There are two possible ways:
- load all settings into some struct
- load values on-demand
Which approach is better?
It depends on the way you will use your settings file. Do you want to allow the user of your application to dynamically change the settings in the file (.ini file for example) ? Or the settings have to be set by the GUI ?
If you are using some GUI to change the settings, I advice you you to load the main settings at the start of your application from a static class for example.
void SettingsManager::loadSettings()
{
// .ini format example
QSettings settings(FileName, QSettings::IniFormat);
IntegerSetting = settings.value("SettingName", default).toInt();
BooleanSetting = settings.value("SettingName", default).toBool();
// ...
}
Then, there is no problem to save your changed values on-demand because of the QSettings optimization.
/**
* key is your setting name
* variant is your value (could be string, integer, boolean, etc.)
*/
void SettingsManager::writeSetting(const QString &key, const QVariant &variant)
{
QSettings settings(FileName, QSettings::IniFormat);
settings.setValue(key, variant);
}
If you're concerned, you could put each logical group of settings behind an interface. Then, build a concrete class that uses QSettings to retrieve settings on demand.

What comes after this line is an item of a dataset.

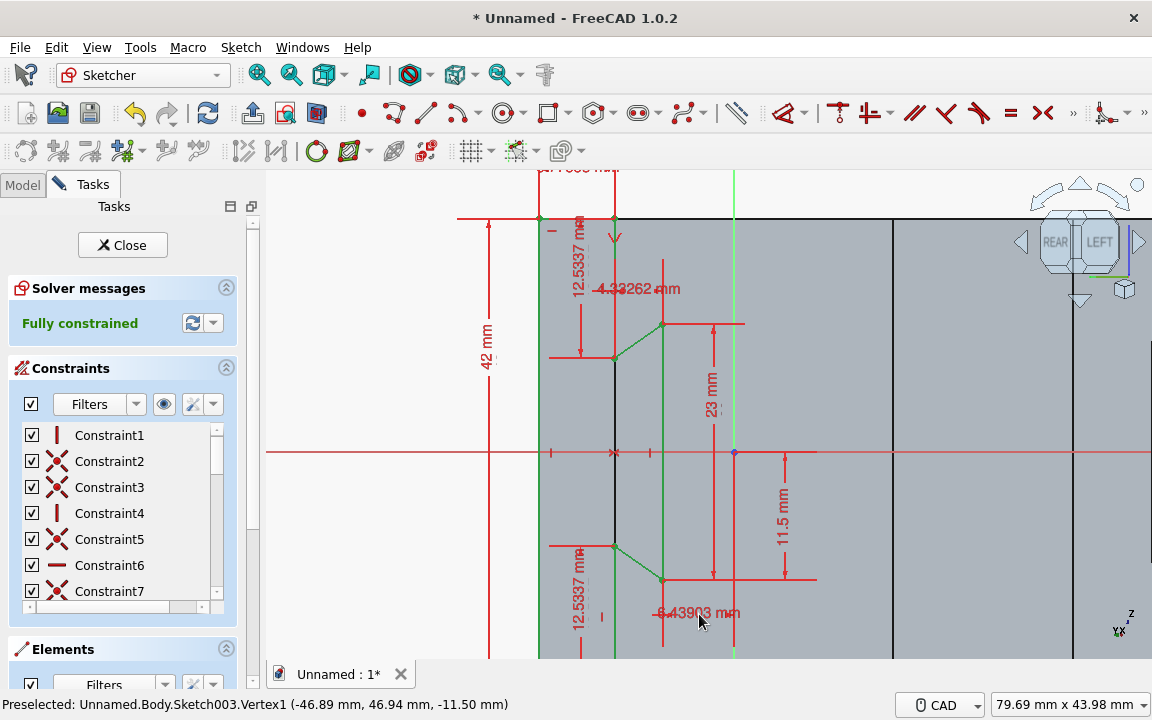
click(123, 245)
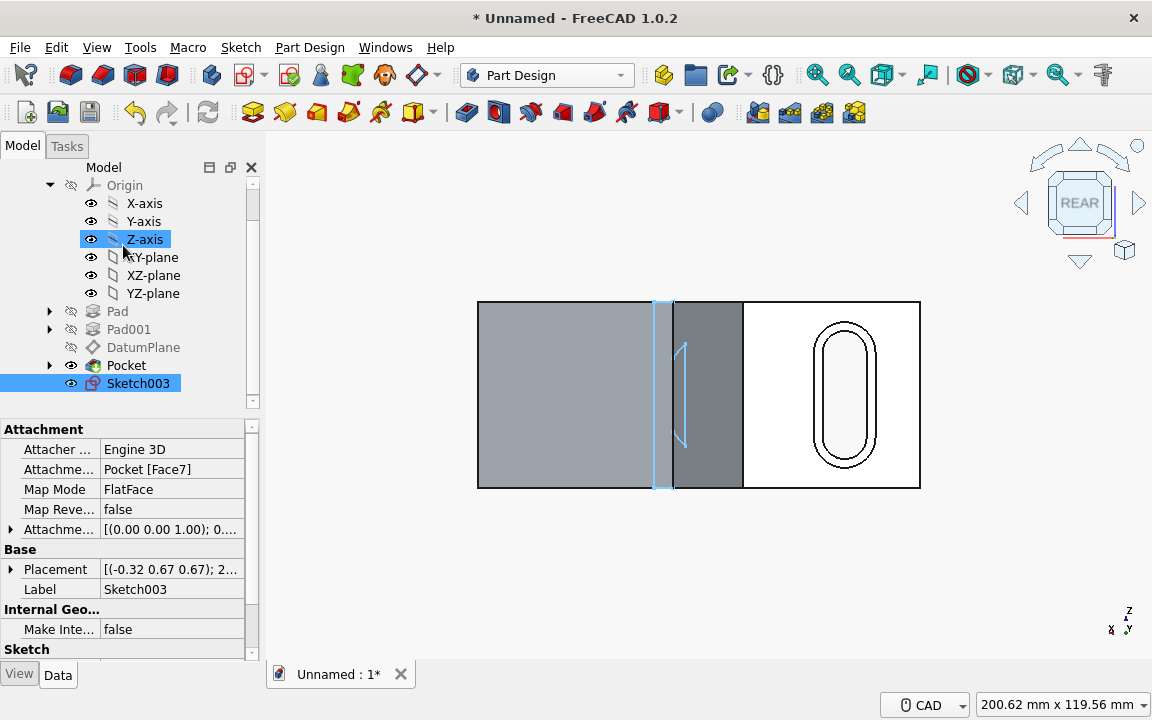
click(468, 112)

If you find that to be a performance bottleneck, build a concrete class that caches the settings. (I never have needed to do so. QSettings has always been fast enough.)
In the documentation of QSettings
, it says that it has been optimized really well.
Internally, it keeps a map of QStrings to QVariants. All the accessor methods are extremely useful and are easy to use.
When I have used QSettings
, I set it up similarly to their example with readSettings()
and writeSettings()
functions. See this example about half way down the page.
The moment I call readSettings()
the QSettings object gets created it loads the values on demand and it keeps all the settings in some struct.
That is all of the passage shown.